Thanks for working on this series, I think making the sequencer the
default backend is a good idea. I have a few reservations about this
path though...

Thanks for the feedback.  You've provided some good food for thought.
While responding, I came up with an alternate proposal below which I
think may be more in line with what you want.  Let me know...


On 24/12/2019 19:54, Elijah Newren via GitGitGadget wrote:
From: Elijah Newren <newren@xxxxxxxxx>

Extend the interactive machinery with the ability to handle the full
spread of options for how to handle commits that either start or become
empty (by "become empty" I mean the changes in a commit are a subset of
changes that exist upstream, so the net effect of applying the commit is
no changes).  Introduce a new command line flag for selecting the
desired behavior:
    --empty={drop,keep,ask}
with the definitions:
    drop: drop empty commits
    keep: keep empty commits
    ask:  provide the user a chance to interact and pick what to do with
          empty commits on a case-by-case basis

I think we want to distinguish between commits that are empty before
rebasing and those that become empty when they are rebased. --keep-empty
explicily only applies to commits that are already empty. Cherry-pick

I am open to changing how the empty handling works; I figured it was
the most likely area people might have feedback about.

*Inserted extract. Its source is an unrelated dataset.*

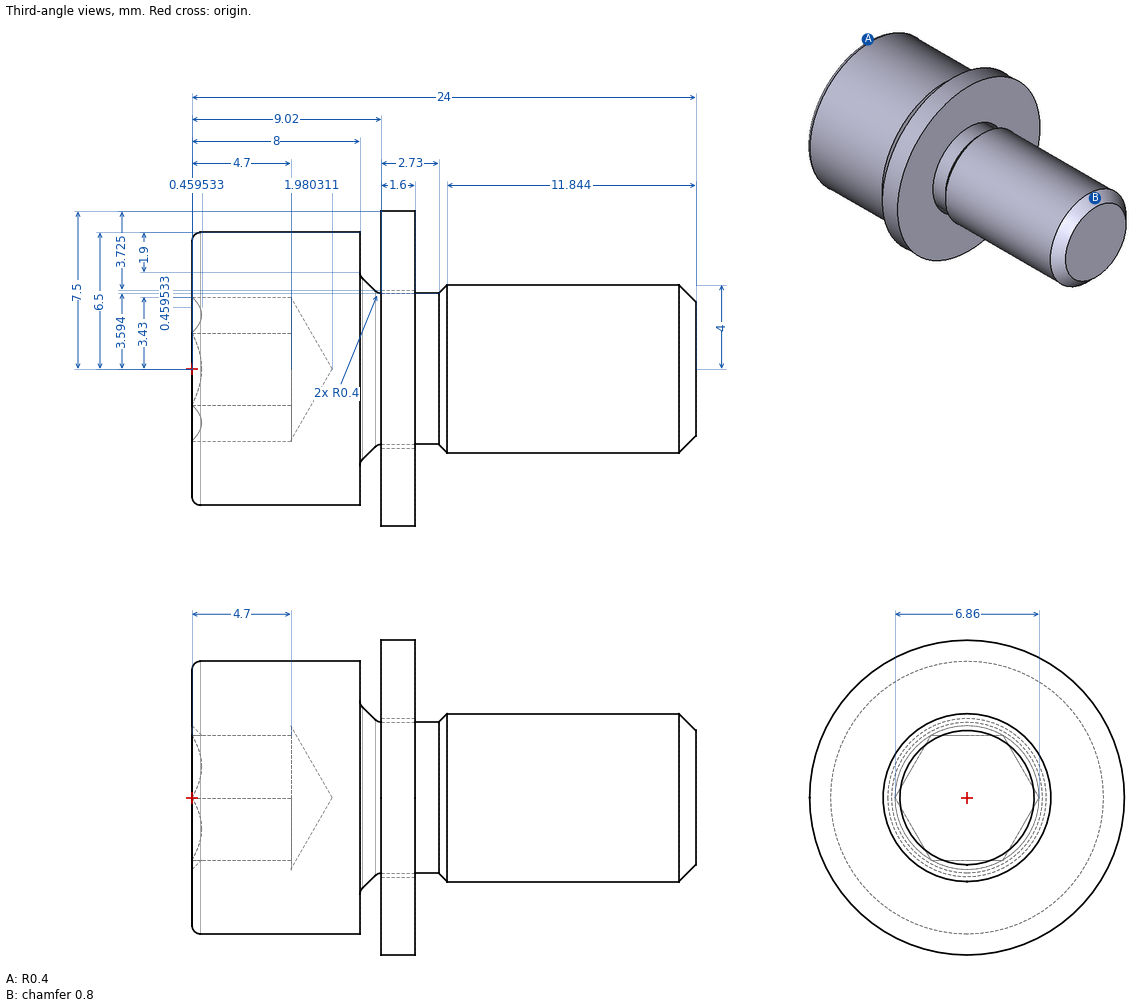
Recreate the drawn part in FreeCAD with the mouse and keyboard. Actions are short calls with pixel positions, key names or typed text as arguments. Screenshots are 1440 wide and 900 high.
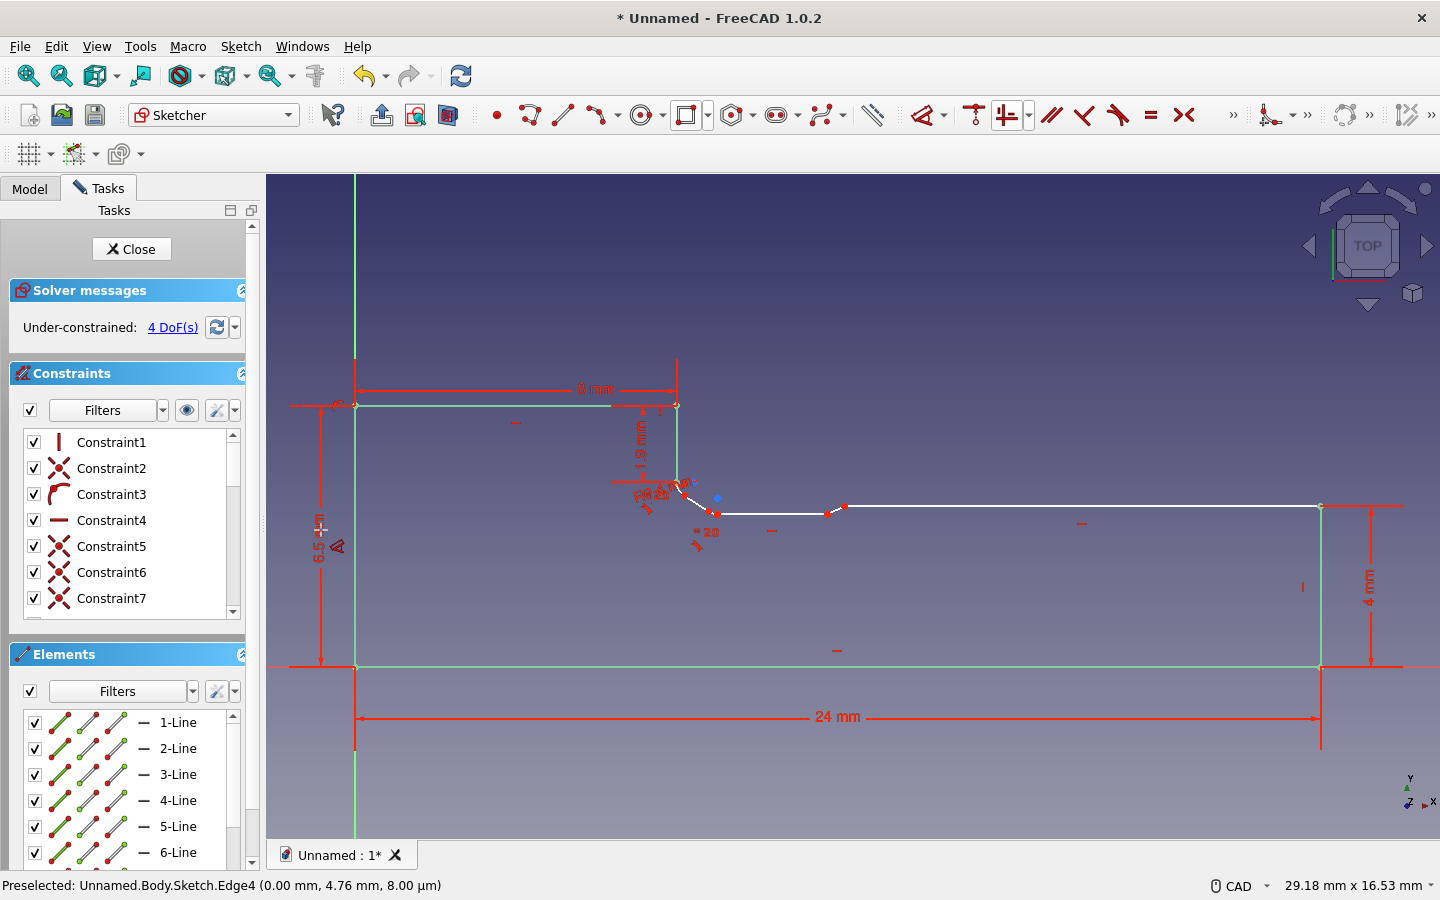
click(795, 514)
click(773, 480)

However, I do strongly disagree with the "explicit" claim here.  It is
possible that --keep-empty was designed to only apply to commits that
begin empty, but that is not at all explicit.

Maybe explicit wasn't the best choice of words. I was going off the
implementation which takes pains to only allow and empty commit when the
original was empty. This has been the case since the feature was
introduced in 90e1818f9a ("git-rebase: add keep_empty flag",
2012-04-20). I did some digging in the mail archive this morning and
found [1] which seems to confirm the intention was to preserve existing
empty commits, not keep those that become empty. This fits with the
discussion [2] which lead to this feature. The same patch series that
introduced --keep-empty for rebase introduced the two cherry-pick flags
--allow-empty and --keep-redundant-commits to distinguish between the
two cases and used `cherry-pick --allow-empty` to implement `rebase
--keep-empty` (and failed to provide a way to continue after stopping for a conflict resolution)

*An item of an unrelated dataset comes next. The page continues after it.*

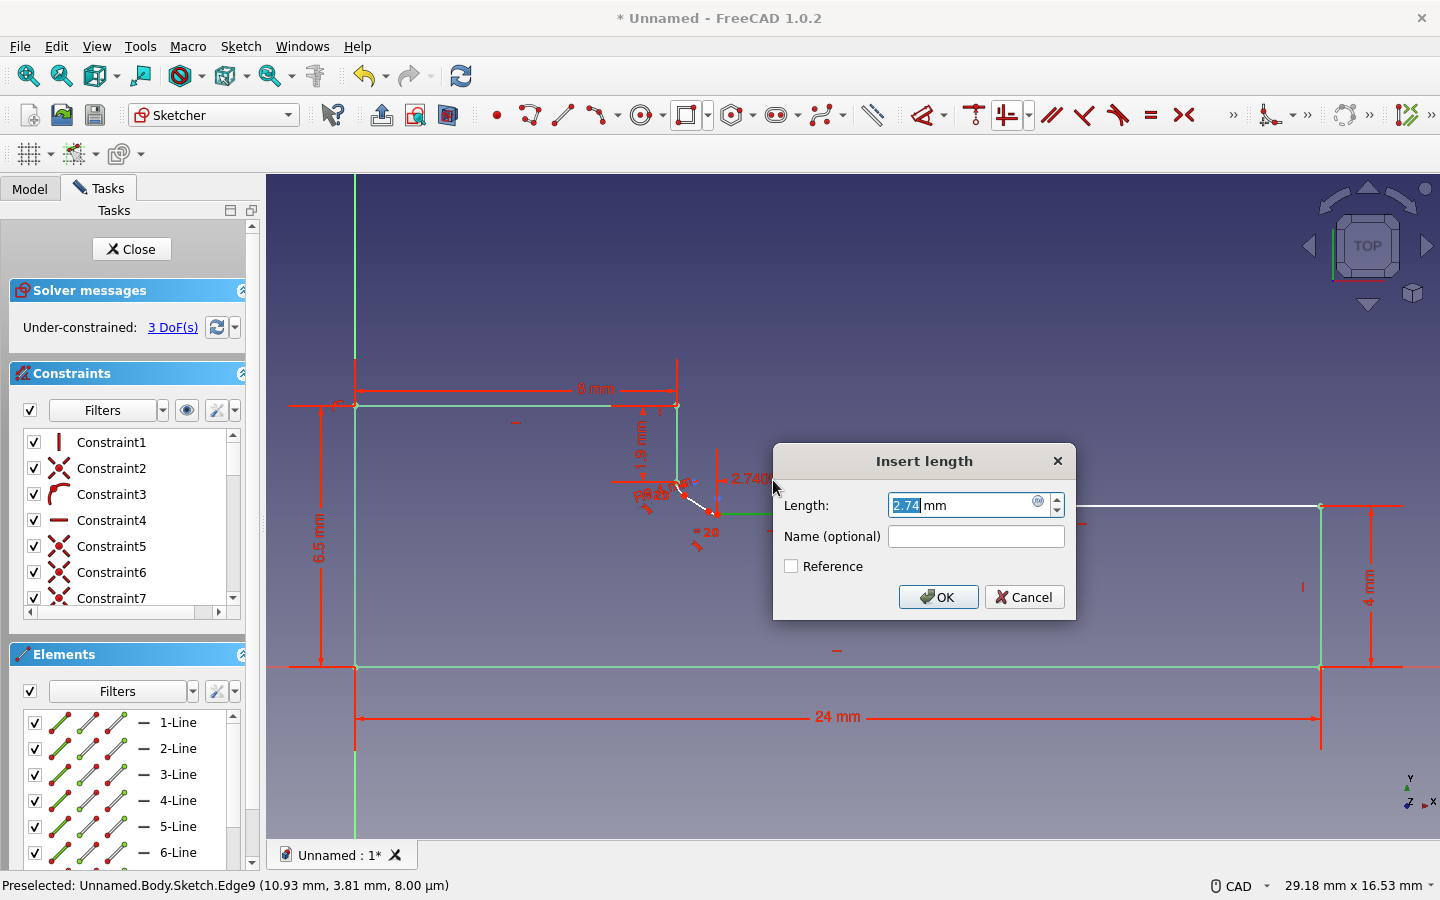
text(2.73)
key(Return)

[1] https://lore.kernel.org/git/5006614E.8090601@xxxxxxxxxxxxx/
[2]
https://lore.kernel.org/git/20120323185205.GA11916@xxxxxxxxxxxxxxxxxxxxxxxxxxx/

 The only place in the
documentation I could find that mentions the distinction at all was in
the "Behavioral Differences" section, which was written by me as part
of commit  0661e49aeb84 ("git-rebase.txt: document behavioral
differences between modes", 2015-06-27).  Quoting from that commit
message:

"(In fact, it's not clear -- to me at least -- that these differences
were even desirable or intentional.)  Document these differences."

I cannot find anywhere else making a distinction in either the
documentation or the commit messages or even any code comments, which
has left me wondering whether the distinction was intentional at all.
Things like commit b00bf1c9a8dd ("git-rebase: make
--allow-empty-message the default", 2018-06-27) give heavy precedence
to the assumption that git-rebase is often more happenstance than
design when it comes to edge cases like these.

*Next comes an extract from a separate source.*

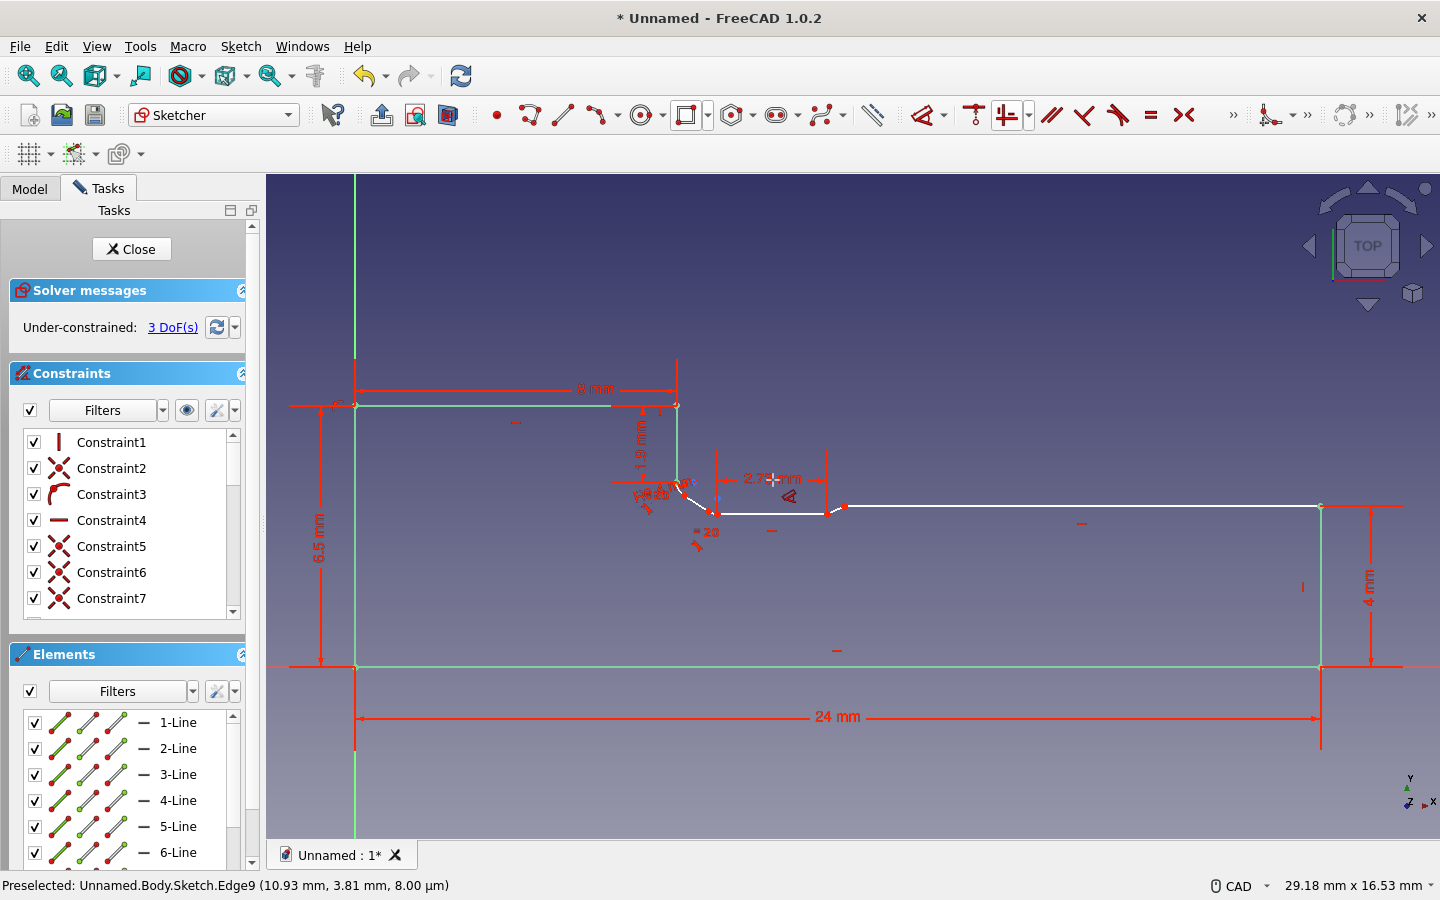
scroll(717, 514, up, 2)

has distinct options for those two cases. If I've explicitly created an
empty commit then I want to keep it but I don't want to keep commits
that become empty because the changes they contain are already upstream.

If we want an option that keeps commits that become empty (Off hand I
don't know why we would though) we should consider if that option should
disable --cherry-mark when we create the todo list so that it keeps all
commits that become empty when they're rebased.

To answer the particular reason I have seen why folks might want to
keep both commits that start empty and become empty, but still use
--cherry-mark to discard commits that are already upstream:
  * If cherry-mark can determine the commit was "already upstream",
then because of how cherry-mark works this means the upstream commit
message was about the *exact* same set of changes.  Thus, the commit
messages can be assumed to be fully interchangeable (and are in fact
likely to be completely identical).
  * If a commit does not start empty, but becomes so because its
changes were a subset of those upstream, then while there are clearly
no more changes that need to be applied, the commit messages can be
expected to differ -- either there will be an upstream commit that
included a bunch of other changes too, or the commit we are rebasing
will be spread across multiple upstream commits.  If the project has
bad commit message hygiene (because e.g. they are using atrocious code
review tools like GitHub that don't allow you to review them), there's
a reasonable likelihood that the upstream version only talks about the
other changes in the commit instead of the fix we are rebasing.  If
so, there may be useful information in this commit message that we
want to copy somewhere.

That sounds reasonable, (I'm not sure what one would do with the commit
message though as creating an empty commit wont be any use for blame or
someone looking at the commit that introduced the change upstream. One
could use add a note to the upstream commit but then there's the problem of sharing notes)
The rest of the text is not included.